INFORMATION SHOWN -
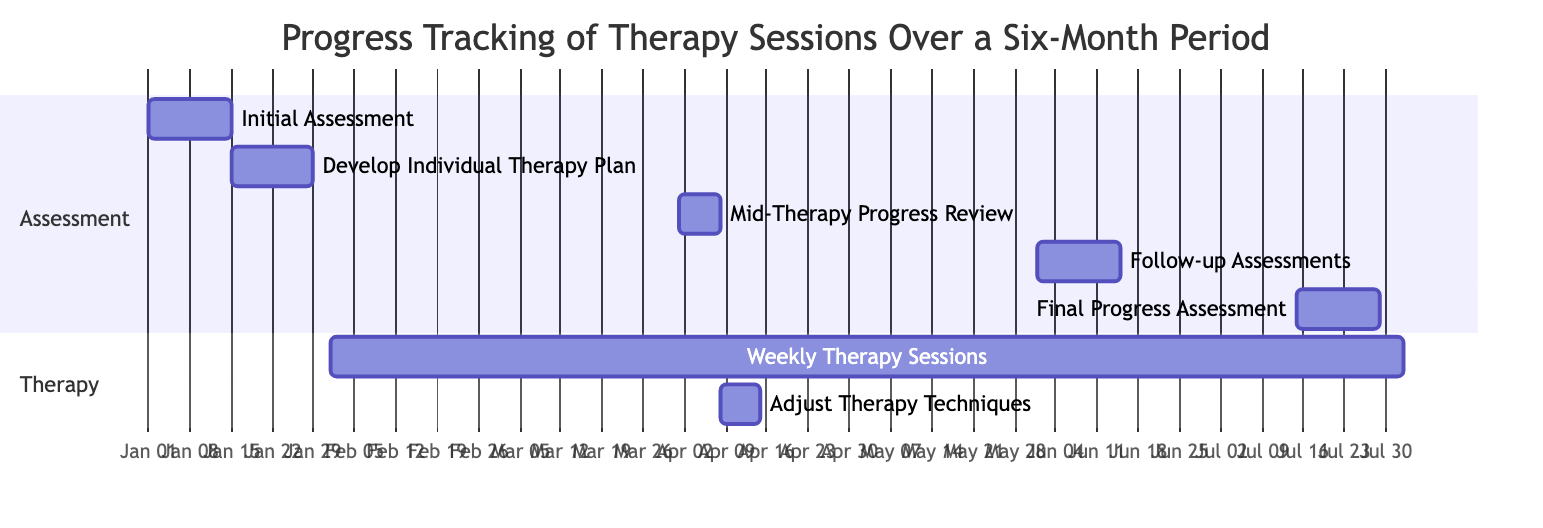What is the duration of the "Initial Assessment" task? The "Initial Assessment" task is labeled with a duration of "2 weeks" in the diagram.
Answer: 2 weeks How many weeks does the "Weekly Therapy Sessions" last? The "Weekly Therapy Sessions" task is marked as lasting "26 weeks" according to the diagram.
Answer: 26 weeks What is the start date of the "Follow-up Assessments"? The diagram indicates that the "Follow-up Assessments" task starts on "2023-06-01".
Answer: 2023-06-01 Which task follows the "Mid-Therapy Progress Review"? After the "Mid-Therapy Progress Review," the next task in the timeline is "Adjust Therapy Techniques," as it starts immediately after the review ends.
Answer: Adjust Therapy Techniques What is the relationship between "Develop Individual Therapy Plan" and "Weekly Therapy Sessions"? "Weekly Therapy Sessions" begins immediately after "Develop Individual Therapy Plan," signifying a direct sequential relationship where the former follows the completion of the latter.
Answer: Sequential relationship Which assessment occurs right before the "Final Progress Assessment"? The "Follow-up Assessments," which takes place before the "Final Progress Assessment" based on the timeline in the diagram.
Answer: Follow-up Assessments How long is the gap between the "Mid-Therapy Progress Review" and "Adjust Therapy Techniques"? The "Mid-Therapy Progress Review" ends on "2023-04-07," and "Adjust Therapy Techniques" starts on "2023-04-08," indicating no gap between these two tasks as they are consecutive.
Answer: No gap How many tasks are categorized under the "Assessment" section? There are a total of five tasks listed in the "Assessment" section: Initial Assessment, Develop Individual Therapy Plan, Mid-Therapy Progress Review, Follow-up Assessments, and Final Progress Assessment.
Answer: Five tasks What is the total number of weeks covered in this Gantt chart? To calculate the total weeks, the last task "Weekly Therapy Sessions" runs for 26 weeks, starting from February 1 to July 31, which leads to a total duration of 26 weeks in tracking progress for therapy sessions.
Answer: 26 weeks

PROBLEM - Using the data above, extract exactly the lines from the one that holds "Answer: 26 weeks What" to the one that holds "Answer: 2023-06-01 Which", both ends included, and no others.

SOLUTION FOR THIS TASK -
Answer: 26 weeks What is the start date of the "Follow-up Assessments"? The diagram indicates that the "Follow-up Assessments" task starts on "2023-06-01".
Answer: 2023-06-01 Which task follows the "Mid-Therapy Progress Review"? After the "Mid-Therapy Progress Review," the next task in the timeline is "Adjust Therapy Techniques," as it starts immediately after the review ends.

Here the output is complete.